A portrait photo of a woman, smiling at the camera. She is wearing a red cardigan, a leopard print scarf, and glasses.

My name is Elizabeth, but most people call me Liz. I have LEMS or Lambert Eaton Myasthenia. I was 57 when I was diagnosed, and I am now 76!

Everything that I do is slower and more difficult, and I have to plan what I do. I rely totally on Medication (3/4 DAP) six times a day. I have to accept a lot of help, while I used to be very independent. This does have an impact on people close to me.

My journey began in May 2006. I was teaching a Year 6 class. I was leading a team taking 60 children to the Isle of Wight for a school journey. I remember having a migraine on the journey. Very quickly during that week, I was finding it very difficult to hold my head up. It was also difficult to eat. I was having difficulty walking and getting up from a chair. And to be fair, the latter had been increasingly difficult for quite a while. I just thought that I was unfit as my busy job didn't allow much time for going for walks! I had to hand over most of the work that week to my lovely TA (teaching assistant) and other teachers.

When I returned to school, my symptoms were still there, but I managed to get through to the end of the term. Then, I was able to seek medical advice privately and was diagnosed as having an acquired proximal muscle myopathy. I then went for an EMG at King's College Hospital to see a consultant. By then, I could hardly walk from the car park and certainly not without physical support. His diagnosis was myasthenia gravis. My own consultant didn't agree with this but started me on Mestinon. My condition didn’t improve. When I went back to see him, he prescribed steroids, starting with a low dose and eventually to 80 mg every other day. But I still couldn't walk. I had not been able to go back to teaching in that September.

The consultant then said he had something else up his sleeve and prescribed azathioprine. I can't remember the dose at the time. I continued seeing this consultant, who still didn't believe I had myasthenia.
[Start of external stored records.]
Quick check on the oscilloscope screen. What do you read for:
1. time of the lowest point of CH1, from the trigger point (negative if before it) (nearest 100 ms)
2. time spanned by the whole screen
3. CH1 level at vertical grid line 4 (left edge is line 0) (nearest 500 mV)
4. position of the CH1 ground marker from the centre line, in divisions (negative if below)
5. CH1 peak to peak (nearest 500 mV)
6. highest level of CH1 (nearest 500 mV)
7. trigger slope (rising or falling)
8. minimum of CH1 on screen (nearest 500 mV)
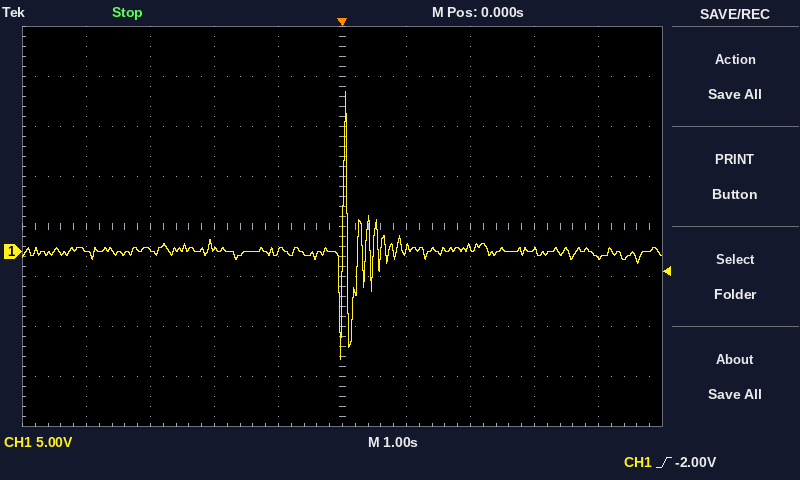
0.0 s
10 s
0.0 V
-0.5 div
27.0 V
16.0 V
rising
-11.0 V
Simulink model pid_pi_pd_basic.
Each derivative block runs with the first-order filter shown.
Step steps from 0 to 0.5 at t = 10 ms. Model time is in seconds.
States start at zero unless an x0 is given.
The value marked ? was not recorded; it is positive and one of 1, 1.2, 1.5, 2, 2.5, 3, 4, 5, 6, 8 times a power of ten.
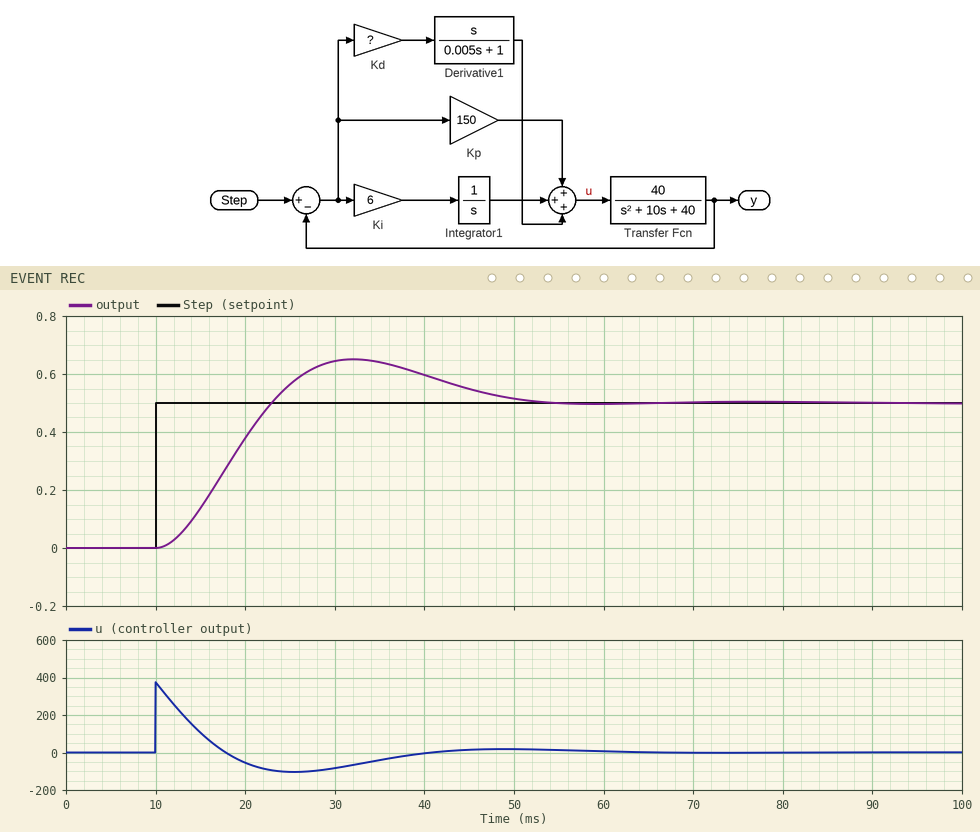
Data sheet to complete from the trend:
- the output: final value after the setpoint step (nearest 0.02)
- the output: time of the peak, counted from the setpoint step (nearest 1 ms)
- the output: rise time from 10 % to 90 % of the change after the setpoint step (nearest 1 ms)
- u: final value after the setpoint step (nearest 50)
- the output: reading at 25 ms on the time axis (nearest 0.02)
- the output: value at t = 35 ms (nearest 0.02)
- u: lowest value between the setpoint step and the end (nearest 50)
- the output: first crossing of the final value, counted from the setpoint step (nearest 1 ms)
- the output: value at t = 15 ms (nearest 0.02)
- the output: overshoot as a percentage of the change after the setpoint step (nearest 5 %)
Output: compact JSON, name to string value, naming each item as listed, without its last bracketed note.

{"the output: final value after the setpoint step": "0.50", "the output: time of the peak, counted from the setpoint step": "22 ms", "the output: rise time from 10 % to 90 % of the change after the setpoint step": "9 ms", "u: final value after the setpoint step": "0", "the output: reading at 25 ms on the time axis": "0.56", "the output: value at t = 35 ms": "0.64", "u: lowest value between the setpoint step and the end": "-100", "the output: first crossing of the final value, counted from the setpoint step": "13 ms", "the output: value at t = 15 ms": "0.14", "the output: overshoot as a percentage of the change after the setpoint step": "30 %"}
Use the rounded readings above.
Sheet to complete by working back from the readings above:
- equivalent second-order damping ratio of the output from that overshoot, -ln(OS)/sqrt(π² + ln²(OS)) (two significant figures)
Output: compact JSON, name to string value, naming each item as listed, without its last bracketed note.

{"equivalent second-order damping ratio of the output from that overshoot, -ln(OS)/sqrt(π² + ln²(OS))": "0.36"}
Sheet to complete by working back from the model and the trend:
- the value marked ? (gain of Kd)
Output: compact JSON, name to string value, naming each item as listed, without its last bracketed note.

{"the value marked ?": "3"}
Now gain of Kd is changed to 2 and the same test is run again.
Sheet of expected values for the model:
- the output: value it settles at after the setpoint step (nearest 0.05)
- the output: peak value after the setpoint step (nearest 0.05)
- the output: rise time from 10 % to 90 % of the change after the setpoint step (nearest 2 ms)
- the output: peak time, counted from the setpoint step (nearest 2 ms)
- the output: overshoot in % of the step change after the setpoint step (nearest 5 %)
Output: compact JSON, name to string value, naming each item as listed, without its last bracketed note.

{"the output: value it settles at after the setpoint step": "0.50", "the output: peak value after the setpoint step": "0.70", "the output: rise time from 10 % to 90 % of the change after the setpoint step": "10 ms", "the output: peak time, counted from the setpoint step": "26 ms", "the output: overshoot in % of the step change after the setpoint step": "35 %"}
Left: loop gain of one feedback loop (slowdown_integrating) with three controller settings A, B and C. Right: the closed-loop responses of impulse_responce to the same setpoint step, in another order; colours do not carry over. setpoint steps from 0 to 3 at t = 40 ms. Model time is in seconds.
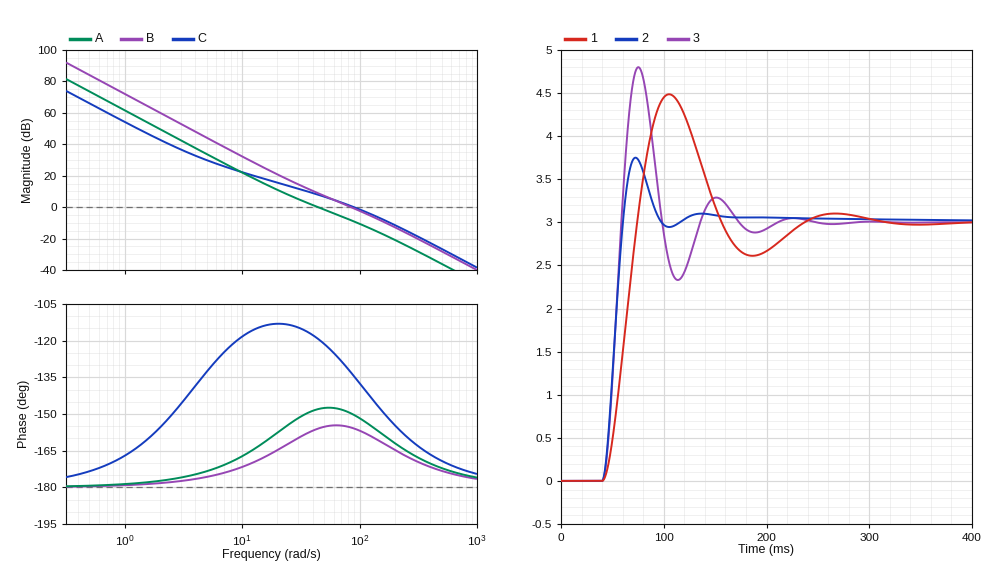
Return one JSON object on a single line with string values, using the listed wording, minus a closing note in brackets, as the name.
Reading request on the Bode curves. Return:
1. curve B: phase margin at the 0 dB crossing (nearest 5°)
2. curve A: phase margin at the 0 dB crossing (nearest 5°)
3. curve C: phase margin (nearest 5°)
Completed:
{"curve B: phase margin at the 0 dB crossing": "25°", "curve A: phase margin at the 0 dB crossing": "30°", "curve C: phase margin": "45°"}
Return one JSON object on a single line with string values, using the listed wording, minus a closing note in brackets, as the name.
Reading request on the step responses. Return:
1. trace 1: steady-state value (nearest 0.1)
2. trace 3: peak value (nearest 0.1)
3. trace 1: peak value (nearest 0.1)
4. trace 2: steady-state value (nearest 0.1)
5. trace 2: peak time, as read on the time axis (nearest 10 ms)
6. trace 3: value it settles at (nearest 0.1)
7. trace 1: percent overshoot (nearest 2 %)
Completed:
{"trace 1: steady-state value": "3.0", "trace 3: peak value": "4.8", "trace 1: peak value": "4.5", "trace 2: steady-state value": "3.0", "trace 2: peak time, as read on the time axis": "70 ms", "trace 3: value it settles at": "3.0", "trace 1: percent overshoot": "50 %"}
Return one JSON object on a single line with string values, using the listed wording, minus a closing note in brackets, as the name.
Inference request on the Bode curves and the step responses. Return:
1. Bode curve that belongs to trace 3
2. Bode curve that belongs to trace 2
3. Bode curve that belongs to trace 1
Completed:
{"Bode curve that belongs to trace 3": "B", "Bode curve that belongs to trace 2": "C", "Bode curve that belongs to trace 1": "A"}
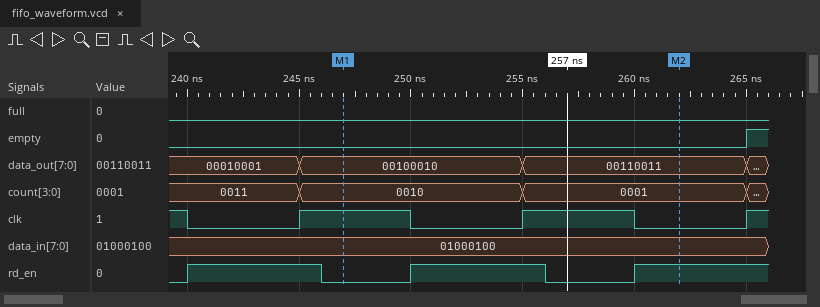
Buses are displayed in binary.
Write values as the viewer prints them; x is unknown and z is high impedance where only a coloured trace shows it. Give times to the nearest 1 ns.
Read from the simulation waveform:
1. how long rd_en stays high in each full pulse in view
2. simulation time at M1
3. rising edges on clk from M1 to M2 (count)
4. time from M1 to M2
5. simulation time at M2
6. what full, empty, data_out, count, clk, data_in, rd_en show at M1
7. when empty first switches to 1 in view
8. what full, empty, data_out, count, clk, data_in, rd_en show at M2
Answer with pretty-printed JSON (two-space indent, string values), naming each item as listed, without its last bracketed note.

{
  "how long rd_en stays high in each full pulse in view": "6 ns, 6 ns",
  "simulation time at M1": "247 ns",
  "rising edges on clk from M1 to M2": "1",
  "time from M1 to M2": "15 ns",
  "simulation time at M2": "262 ns",
  "what full, empty, data_out, count, clk, data_in, rd_en show at M1": "full=0, empty=0, data_out=00100010, count=0010, clk=1, data_in=01000100, rd_en=0",
  "when empty first switches to 1 in view": "265 ns",
  "what full, empty, data_out, count, clk, data_in, rd_en show at M2": "full=0, empty=0, data_out=00110011, count=0001, clk=0, data_in=01000100, rd_en=1"
}
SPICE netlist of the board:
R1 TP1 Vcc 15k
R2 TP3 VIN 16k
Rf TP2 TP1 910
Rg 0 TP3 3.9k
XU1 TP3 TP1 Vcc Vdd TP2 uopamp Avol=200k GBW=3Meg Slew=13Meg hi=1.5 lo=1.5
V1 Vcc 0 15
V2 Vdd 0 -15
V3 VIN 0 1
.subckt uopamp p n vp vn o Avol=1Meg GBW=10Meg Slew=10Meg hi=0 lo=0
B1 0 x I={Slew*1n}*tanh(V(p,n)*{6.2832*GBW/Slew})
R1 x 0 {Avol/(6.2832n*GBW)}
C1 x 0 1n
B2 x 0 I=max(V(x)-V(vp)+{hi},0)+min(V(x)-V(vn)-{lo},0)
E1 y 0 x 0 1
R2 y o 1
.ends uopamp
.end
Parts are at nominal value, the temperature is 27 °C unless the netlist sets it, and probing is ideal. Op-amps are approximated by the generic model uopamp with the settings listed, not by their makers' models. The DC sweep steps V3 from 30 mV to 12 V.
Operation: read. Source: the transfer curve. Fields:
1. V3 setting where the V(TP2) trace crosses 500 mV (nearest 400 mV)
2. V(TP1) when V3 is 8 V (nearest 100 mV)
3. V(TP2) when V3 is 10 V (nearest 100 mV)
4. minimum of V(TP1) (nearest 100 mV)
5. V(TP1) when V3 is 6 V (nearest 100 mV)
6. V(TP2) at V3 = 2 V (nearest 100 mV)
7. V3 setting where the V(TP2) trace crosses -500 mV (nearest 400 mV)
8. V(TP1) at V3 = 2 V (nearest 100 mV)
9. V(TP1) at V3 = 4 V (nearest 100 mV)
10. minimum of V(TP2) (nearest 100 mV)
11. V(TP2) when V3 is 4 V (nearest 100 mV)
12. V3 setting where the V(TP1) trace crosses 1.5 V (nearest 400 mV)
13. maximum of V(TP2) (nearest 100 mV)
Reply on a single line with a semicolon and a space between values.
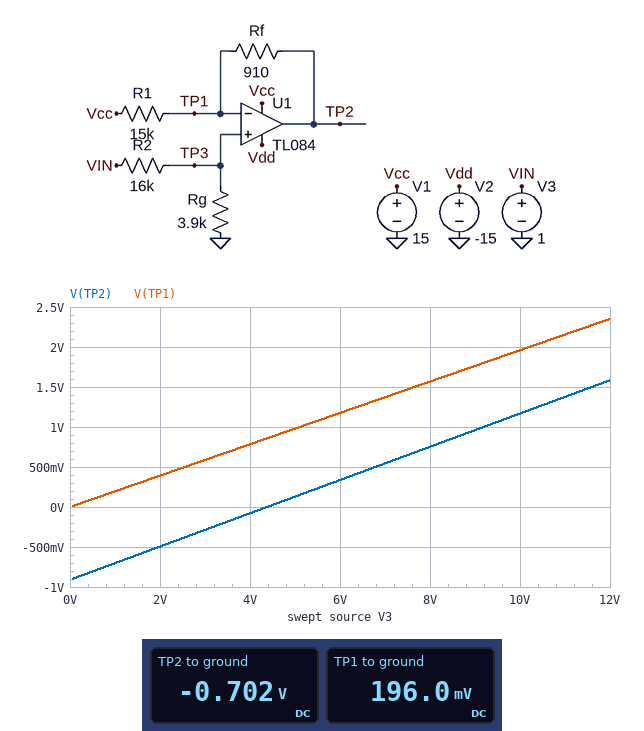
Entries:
6.8 V; 1.6 V; 1.2 V; 0 V; 1.2 V; -500 mV; 2.0 V; 400 mV; 800 mV; -900 mV; -100 mV; 7.6 V; 1.6 V
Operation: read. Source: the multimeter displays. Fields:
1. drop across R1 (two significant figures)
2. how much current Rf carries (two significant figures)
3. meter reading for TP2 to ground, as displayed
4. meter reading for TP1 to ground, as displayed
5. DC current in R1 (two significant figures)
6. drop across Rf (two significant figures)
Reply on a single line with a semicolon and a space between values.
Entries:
15 V; 990 µA; -0.702 V; 196.0 mV; 990 µA; 900 mV
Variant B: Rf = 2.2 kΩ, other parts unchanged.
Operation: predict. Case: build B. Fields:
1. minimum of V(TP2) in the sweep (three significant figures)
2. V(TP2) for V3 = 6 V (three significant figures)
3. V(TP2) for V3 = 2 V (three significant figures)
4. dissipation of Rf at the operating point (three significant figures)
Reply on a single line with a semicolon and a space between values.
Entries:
-2.19 V; -852 mV; -1.75 V; 2.14 mW
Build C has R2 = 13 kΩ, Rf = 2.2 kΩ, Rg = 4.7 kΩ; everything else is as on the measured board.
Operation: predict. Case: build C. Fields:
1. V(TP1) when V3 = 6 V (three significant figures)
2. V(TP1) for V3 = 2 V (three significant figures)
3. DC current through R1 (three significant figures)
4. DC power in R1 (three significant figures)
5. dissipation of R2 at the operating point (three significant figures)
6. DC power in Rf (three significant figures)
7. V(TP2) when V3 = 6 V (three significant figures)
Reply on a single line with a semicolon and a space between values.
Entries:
1.59 V; 531 mV; 982 µA; 14.5 mW; 41.5 µW; 2.12 mW; -373 mV
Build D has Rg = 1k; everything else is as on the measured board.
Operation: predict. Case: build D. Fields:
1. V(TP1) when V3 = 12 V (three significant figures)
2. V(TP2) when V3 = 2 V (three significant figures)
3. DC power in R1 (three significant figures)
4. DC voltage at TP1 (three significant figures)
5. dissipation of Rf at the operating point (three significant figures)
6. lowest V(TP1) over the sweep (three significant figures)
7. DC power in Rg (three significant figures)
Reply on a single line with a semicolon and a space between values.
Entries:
706 mV; -785 mV; 14.9 mW; 58.8 mV; 903 µW; 1.77 mV; 3.46 µW
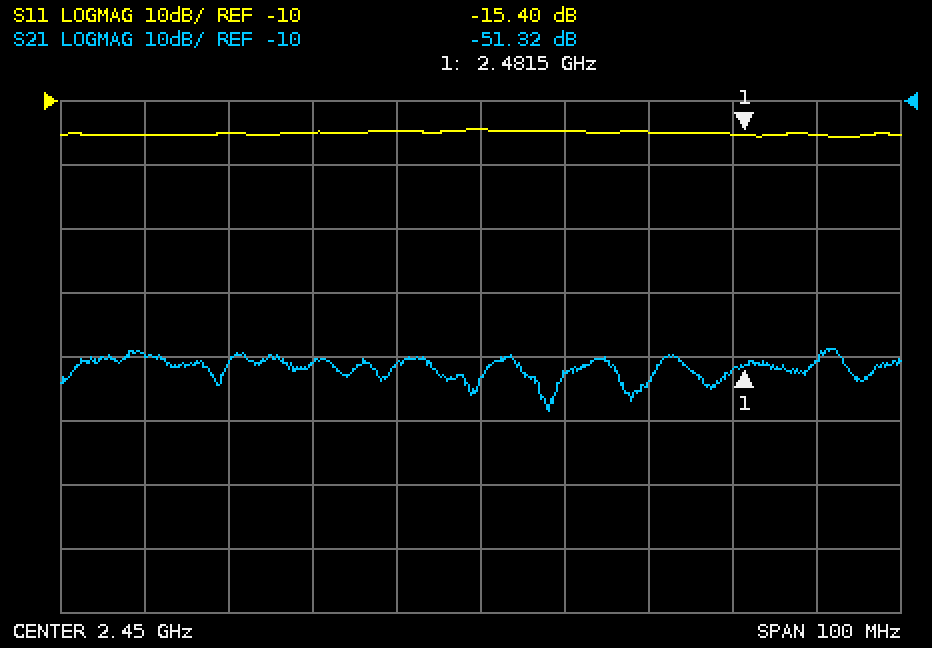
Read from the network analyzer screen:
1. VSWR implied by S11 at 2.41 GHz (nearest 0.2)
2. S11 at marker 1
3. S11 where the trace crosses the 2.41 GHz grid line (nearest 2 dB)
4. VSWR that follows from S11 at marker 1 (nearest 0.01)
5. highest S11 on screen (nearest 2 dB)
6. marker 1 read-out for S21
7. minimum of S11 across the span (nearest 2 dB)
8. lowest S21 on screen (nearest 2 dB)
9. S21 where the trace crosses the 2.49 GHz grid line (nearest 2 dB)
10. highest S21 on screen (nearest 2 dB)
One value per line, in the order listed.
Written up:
1.4
-15.40 dB
-16 dB
1.41
-14 dB
-51.32 dB
-16 dB
-58 dB
-50 dB
-48 dB

I asked for a second opinion as now I had been looking on the internet and decided that my symptoms fit LEMS more than myasthenia gravis. I was sent back to the original consultant for another EMG. I told him what my own diagnosis was, and he gave a nervous laugh. He said that he was one of the top three consultants in the country, and he thought his patient was right. I was very cross and told him that I had had six months off with full pay and was now on half pay, heading to nothing!

He suddenly became nicer and said he would get me into the hospital for a few days to adjust medication. This did not happen as there was no private bed available. So, he said he would start me on the new medication anyway! I took the first DAP in the car going home from the hospital consultation. The result was amazing. The journey was about 45 minutes in total. I went up the stairs using two feet, one after the other, for the first time in months! I continued seeing this consultant until he suggested that my symptoms might be psychosomatic. Then I vowed to myself that I wouldn't see him again. In the meantime, I had received support from myaware and had heard a professor speak at one of their regional meetings. I went to my GP and asked him to refer me to Queen Square for a second opinion. I saw a neurologist and, for the first time, felt listened to. But I then had to wait for another referral from the GP for another 12 weeks. I had to be taken down and off all the meds I was taking before he could start to treat me. It was August 2009 before I received the diagnosis of Lambert Eaton Myasthenia. By then, I had had to take early retirement, and I moved house to be near my family again.

Now … some 19 years later, I manage my symptoms with medication. I take DAP every two hours during the day, 20 mg 6 times a day. If I am late taking a tablet, my walking is badly affected. I walk quite slowly, but if I try hard, walking does get easier - a feature of the difference between MG and LEMS.

Between 2020 and 2021 (during the pandemic) I ended up in our local hospital 3 times as I was blacking out at home. I had a bad time as cardiology thought it might be my heart, so I ended up with every test for my heart and an implant to measure irregularities, which I didn't need. I had had an MRI after my first episode in May 2020, which showed infarcts in my brain, indicating a minor stroke. But in 2021, after my last episode, my daughters were told that I had the beginnings of vascular dementia, and they should take me home to live with them! The neurologists at my local hospital refused to see me and said that my episodes were definitely not epilepsy. My girls had to organise for a GP at Queen Square to see me face-to-face. His area is muscles, hence the myasthenias, but he diagnosed epilepsy and started me on medication. I have not had another epileptic incident since May 2021.

I would tell anyone newly diagnosed to be persistent in trying to access support and medication.

I used to attend regional groups: initially in Bromley while I was living in South London and later in Hertfordshire. These were very helpful as I was able to share experiences and advice. When I was first diagnosed, there was a forum on the MGA site, and I could exchange messages with others both here and abroad. Now the Zoom sessions are very helpful.

I have also found that having access to specialist nurses by email and phone appointments is amazing.

I would like to know that anyone newly diagnosed could have easy access to the support systems as above. And the opportunity to be able to be in contact with others, maybe in a more informal way.

It has not always been an easy journey. I struggle with insomnia and pain at night in addition to IBS and diabetes, as well as epilepsy, but I am grateful for all the medication and support that I have.